Espetáculo estreou em 2010, quando a companhia completou 10 anos, com 18 bailarines. Em 2011, foi transformada em um solo. Em ambas as ocasiões sem financiamento; somente, em 2020, obteve financiamento pela Lei Aldir Blanc. (Informação fornecida por Daniel Amaro).
 

“O que está guardado na minha gente, em mim, dorme um leve sono. E basta apenas um breve estalar de dedos, para as incontidas águas da memória jorrarem os dias de ontem sobre os dias de hoje”
(Evaristo, 2017:17).

O trecho acima – de Conceição Evaristo – me ajuda a pensar o quanto os corpos negros têm a dizer.
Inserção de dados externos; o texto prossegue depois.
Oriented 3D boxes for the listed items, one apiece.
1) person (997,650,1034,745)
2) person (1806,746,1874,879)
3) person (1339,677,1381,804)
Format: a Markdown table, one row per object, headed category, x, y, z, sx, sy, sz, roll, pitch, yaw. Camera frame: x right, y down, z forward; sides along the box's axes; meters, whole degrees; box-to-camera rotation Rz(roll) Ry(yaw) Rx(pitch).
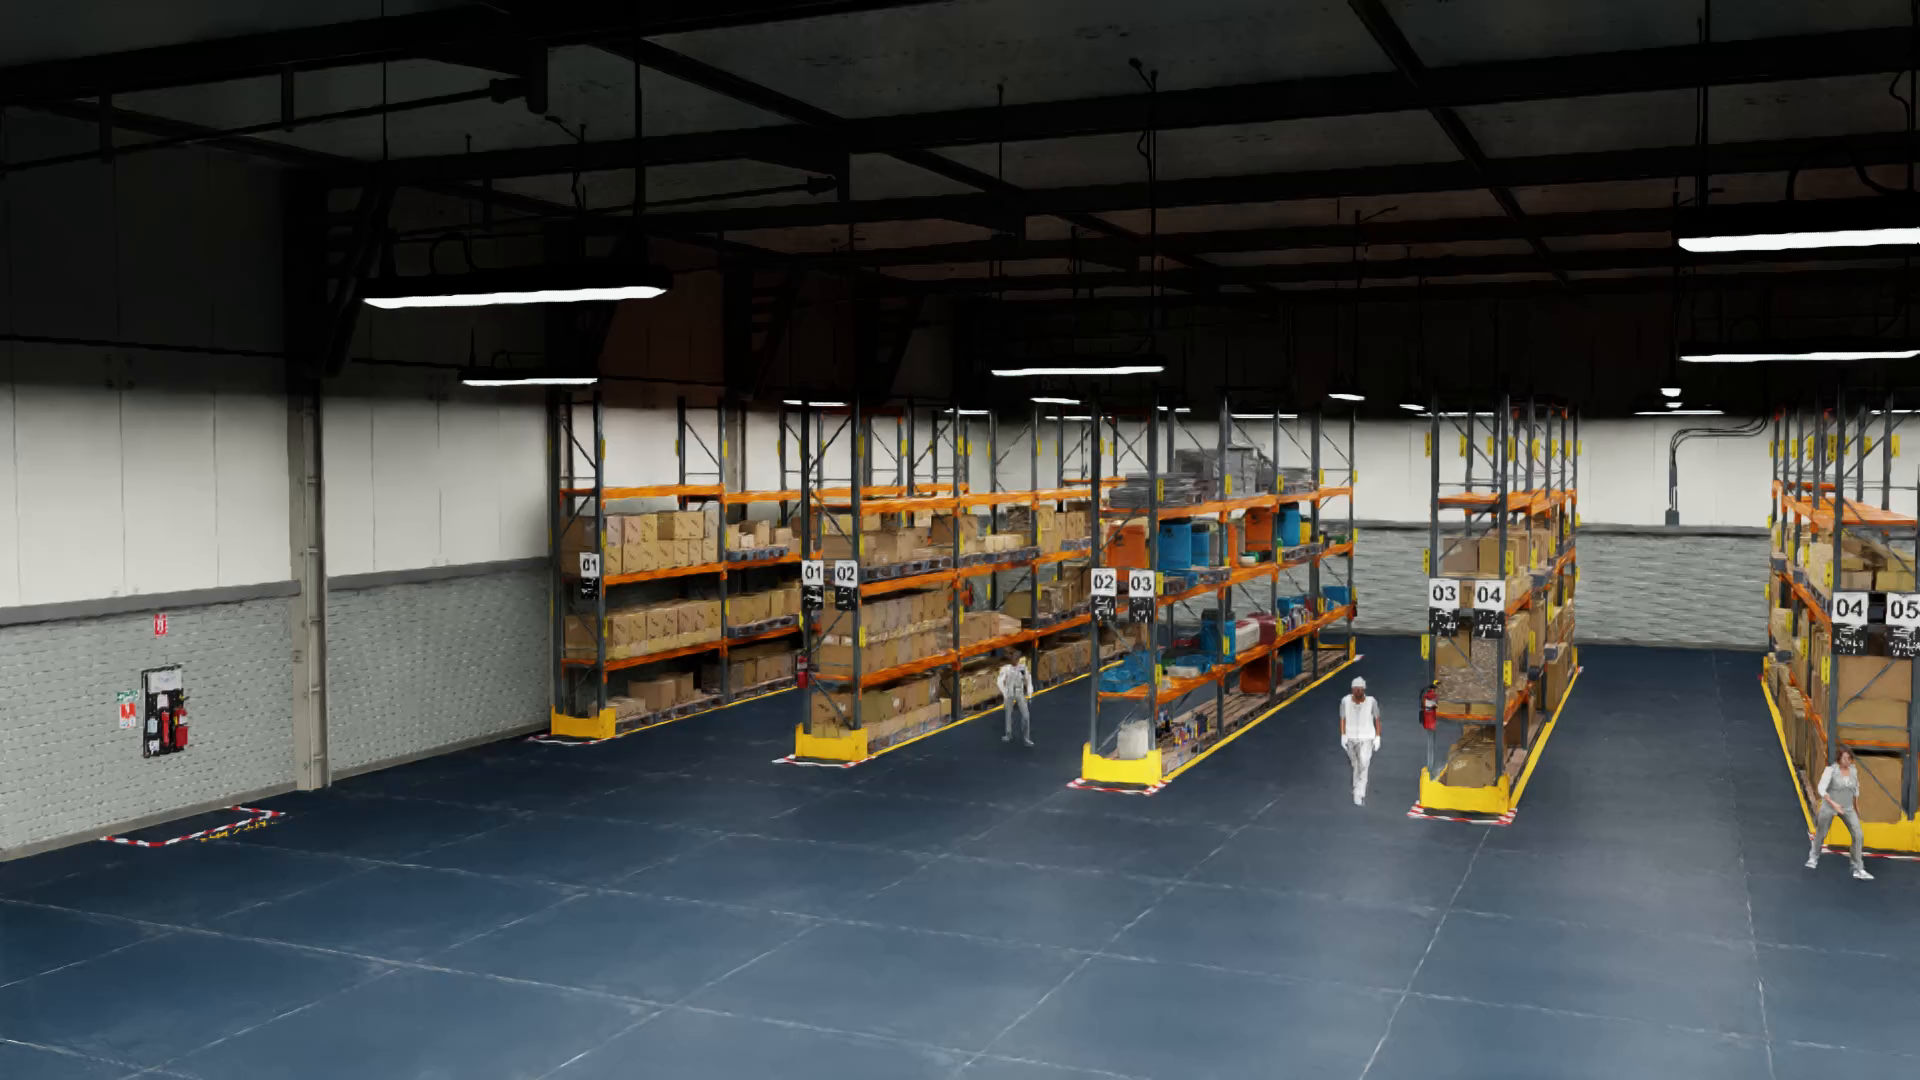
| category | x | y | z | sx | sy | sz | roll | pitch | yaw |
| --- | --- | --- | --- | --- | --- | --- | --- | --- | --- |
| person | 0.948 | 2.632 | 28.134 | 0.634 | 1.610 | 0.798 | 0 | 3 | 5 |
| person | 10.298 | 3.166 | 19.496 | 0.562 | 1.490 | 0.782 | 0 | 3 | 6 |
| person | 5.662 | 2.804 | 23.622 | 0.554 | 1.727 | 0.930 | 2 | 3 | 26 |

Histórias que estão nas vivências de uma gente, gentes em diáspora, que revivem, atualizam, preservam e elevam um legado cultural. A arte, a meu ver, é a melhor maneira de expressar esse universo de saberes do corpo, em sua poética e estética. Escrevo estas linhas sobre dois territórios que se atravessam: Porto Alegre e Pelotas, lugares com que tenho certa familiaridade, em relação a produção cênica e artistas. A produção da arte negra, desses territórios, vive o agora. Ter experiências prazerosas, reflexivas, nesse contexto, é fundamental para manutenção da apreciação, do deleite, dos prazeres, dos sentires; e, assim, perceber as fruições artísticas de referências negras – importantes no campo da dança: o Afro-Sul e Daniel Amaro. Seus fazeres artísticos cruzam-se nas águas das memórias.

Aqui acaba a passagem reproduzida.